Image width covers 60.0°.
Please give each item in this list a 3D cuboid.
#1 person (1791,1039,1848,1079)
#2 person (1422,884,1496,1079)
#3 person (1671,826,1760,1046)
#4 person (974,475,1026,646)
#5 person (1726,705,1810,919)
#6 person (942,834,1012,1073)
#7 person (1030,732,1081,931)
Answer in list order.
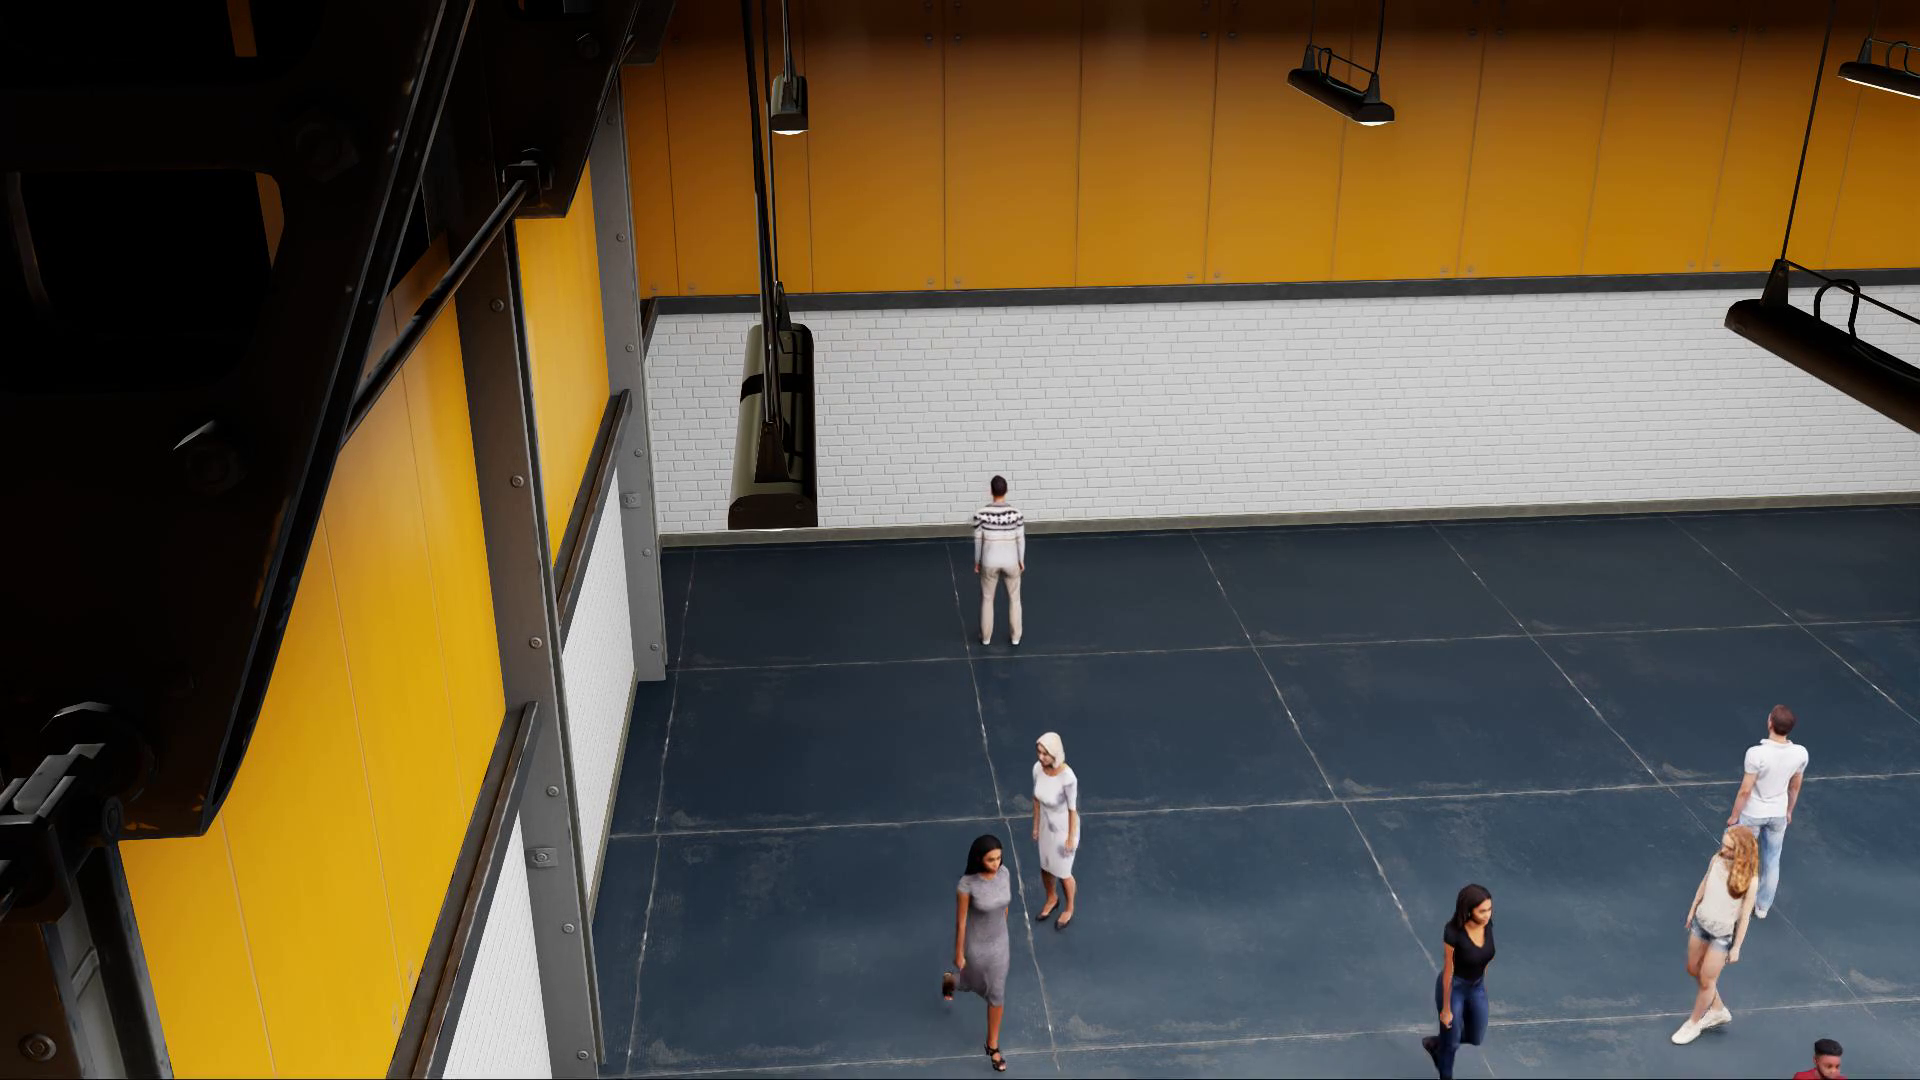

########################################

[Task prompt]: Would you please print out all the records above exactly, minus any pictures?

[Task solution]:
Image width covers 60.0°.
Please give each item in this list a 3D cuboid.
#1 person (1791,1039,1848,1079)
#2 person (1422,884,1496,1079)
#3 person (1671,826,1760,1046)
#4 person (974,475,1026,646)
#5 person (1726,705,1810,919)
#6 person (942,834,1012,1073)
#7 person (1030,732,1081,931)
Answer in list order.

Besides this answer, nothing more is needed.